• [The task]: Repeat the data exactly. Pictures stay out.

Stored items:

◇ ◇ ◇

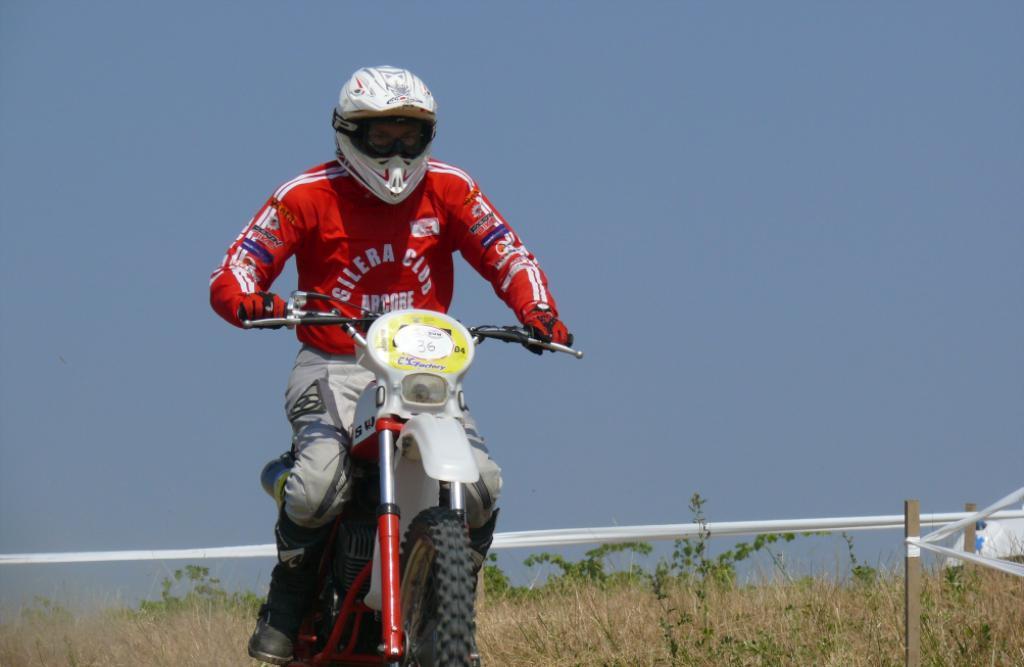Describe this image in one or two sentences. There is a person in red color coat, sitting on a bike and riding it. In the background, there is white color thread, which is attached to the wooden pole. In the background, there are dry plants, plants and there is blue sky. 
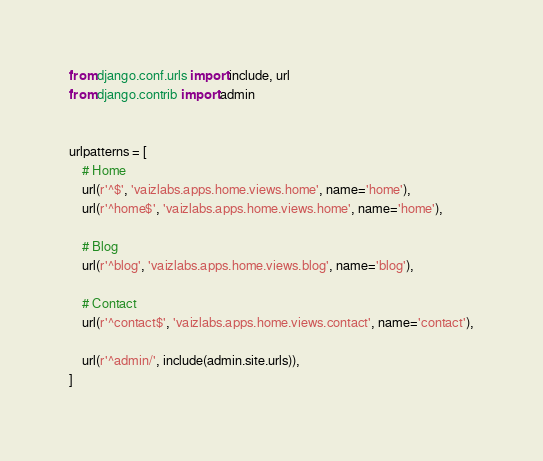Convert code to text. <code><loc_0><loc_0><loc_500><loc_500><_Python_>from django.conf.urls import include, url
from django.contrib import admin


urlpatterns = [
    # Home
    url(r'^$', 'vaizlabs.apps.home.views.home', name='home'),
    url(r'^home$', 'vaizlabs.apps.home.views.home', name='home'),
      
    # Blog 
    url(r'^blog', 'vaizlabs.apps.home.views.blog', name='blog'),

    # Contact 
    url(r'^contact$', 'vaizlabs.apps.home.views.contact', name='contact'),

    url(r'^admin/', include(admin.site.urls)),
]
</code> 
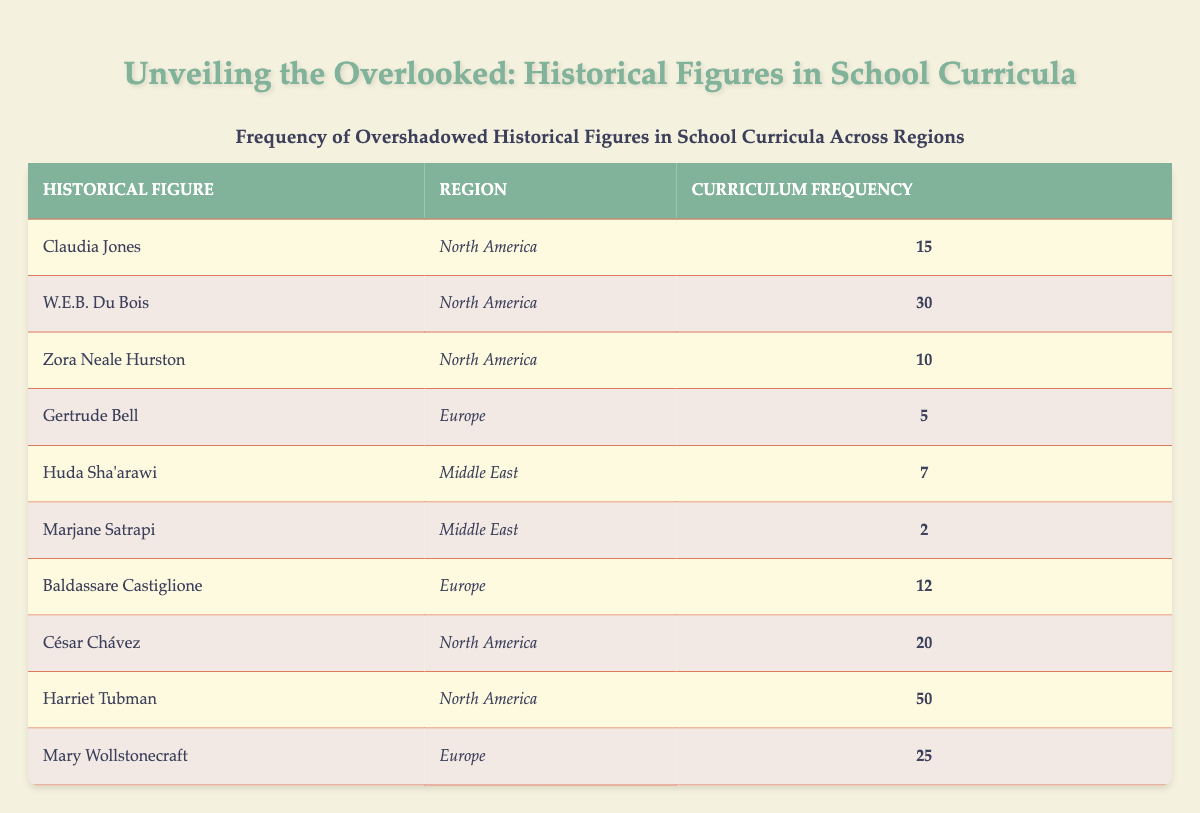What is the highest curriculum frequency in North America? The figures listed under North America are Claudia Jones (15), W.E.B. Du Bois (30), Zora Neale Hurston (10), César Chávez (20), and Harriet Tubman (50). Among these, Harriet Tubman has the highest frequency of 50.
Answer: 50 How many historical figures from Europe are mentioned in the table? The historical figures from Europe listed are Gertrude Bell (5), Baldassare Castiglione (12), and Mary Wollstonecraft (25). This totals to 3 figures mentioned from Europe.
Answer: 3 What is the total curriculum frequency for historical figures in the Middle East? The figures for the Middle East are Huda Sha'arawi (7) and Marjane Satrapi (2). Adding these gives a total of 7 + 2 = 9 for the Middle East.
Answer: 9 Is Zora Neale Hurston mentioned more frequently than Gertrude Bell? Zora Neale Hurston has a frequency of 10, while Gertrude Bell has a frequency of 5. Since 10 is greater than 5, the statement is true.
Answer: Yes What is the average curriculum frequency of the historical figures in Europe? The frequencies for Europe are Gertrude Bell (5), Baldassare Castiglione (12), and Mary Wollstonecraft (25). First, sum them up: 5 + 12 + 25 = 42. Then, divide by the number of figures (3): 42 / 3 = 14. Therefore, the average is 14.
Answer: 14 Which region has the lowest total frequency of historical figures, and what is that total? The Middle East has two figures, with a total frequency of 9 (Huda Sha'arawi 7 + Marjane Satrapi 2). In comparison, Europe has 42 and North America has 115 (adding all figures in that region). Thus, the Middle East has the lowest total frequency of 9.
Answer: 9 What is the difference in frequency between the most and least mentioned historical figures in the table? The most mentioned figure is Harriet Tubman at 50, and the least mentioned figure is Marjane Satrapi at 2. The difference is calculated as 50 - 2 = 48.
Answer: 48 How many historical figures have a curriculum frequency of 10 or lower? The figures with frequencies at or below 10 are Zora Neale Hurston (10), Gertrude Bell (5), Huda Sha'arawi (7), and Marjane Satrapi (2). That gives us a total of 4 figures.
Answer: 4 Which historical figure from North America has the second highest curriculum frequency? In North America, the figures and their frequencies are Harriet Tubman (50), W.E.B. Du Bois (30), César Chávez (20), Claudia Jones (15), and Zora Neale Hurston (10). The second highest is W.E.B. Du Bois with a frequency of 30.
Answer: W.E.B. Du Bois

◇ ◇ ◇

• [Solution]:
Describe this image in one or two sentences. There is a person in red color coat, sitting on a bike and riding it. In the background, there is white color thread, which is attached to the wooden pole. In the background, there are dry plants, plants and there is blue sky. 
Convert code to text. <code><loc_0><loc_0><loc_500><loc_500><_Python_>from django.conf.urls import include, url
from django.contrib import admin


urlpatterns = [
    # Home
    url(r'^$', 'vaizlabs.apps.home.views.home', name='home'),
    url(r'^home$', 'vaizlabs.apps.home.views.home', name='home'),
      
    # Blog 
    url(r'^blog', 'vaizlabs.apps.home.views.blog', name='blog'),

    # Contact 
    url(r'^contact$', 'vaizlabs.apps.home.views.contact', name='contact'),

    url(r'^admin/', include(admin.site.urls)),
]
</code> 
What is the highest curriculum frequency in North America? The figures listed under North America are Claudia Jones (15), W.E.B. Du Bois (30), Zora Neale Hurston (10), César Chávez (20), and Harriet Tubman (50). Among these, Harriet Tubman has the highest frequency of 50.
Answer: 50 How many historical figures from Europe are mentioned in the table? The historical figures from Europe listed are Gertrude Bell (5), Baldassare Castiglione (12), and Mary Wollstonecraft (25). This totals to 3 figures mentioned from Europe.
Answer: 3 What is the total curriculum frequency for historical figures in the Middle East? The figures for the Middle East are Huda Sha'arawi (7) and Marjane Satrapi (2). Adding these gives a total of 7 + 2 = 9 for the Middle East.
Answer: 9 Is Zora Neale Hurston mentioned more frequently than Gertrude Bell? Zora Neale Hurston has a frequency of 10, while Gertrude Bell has a frequency of 5. Since 10 is greater than 5, the statement is true.
Answer: Yes What is the average curriculum frequency of the historical figures in Europe? The frequencies for Europe are Gertrude Bell (5), Baldassare Castiglione (12), and Mary Wollstonecraft (25). First, sum them up: 5 + 12 + 25 = 42. Then, divide by the number of figures (3): 42 / 3 = 14. Therefore, the average is 14.
Answer: 14 Which region has the lowest total frequency of historical figures, and what is that total? The Middle East has two figures, with a total frequency of 9 (Huda Sha'arawi 7 + Marjane Satrapi 2). In comparison, Europe has 42 and North America has 115 (adding all figures in that region). Thus, the Middle East has the lowest total frequency of 9.
Answer: 9 What is the difference in frequency between the most and least mentioned historical figures in the table? The most mentioned figure is Harriet Tubman at 50, and the least mentioned figure is Marjane Satrapi at 2. The difference is calculated as 50 - 2 = 48.
Answer: 48 How many historical figures have a curriculum frequency of 10 or lower? The figures with frequencies at or below 10 are Zora Neale Hurston (10), Gertrude Bell (5), Huda Sha'arawi (7), and Marjane Satrapi (2). That gives us a total of 4 figures.
Answer: 4 Which historical figure from North America has the second highest curriculum frequency? In North America, the figures and their frequencies are Harriet Tubman (50), W.E.B. Du Bois (30), César Chávez (20), Claudia Jones (15), and Zora Neale Hurston (10). The second highest is W.E.B. Du Bois with a frequency of 30.
Answer: W.E.B. Du Bois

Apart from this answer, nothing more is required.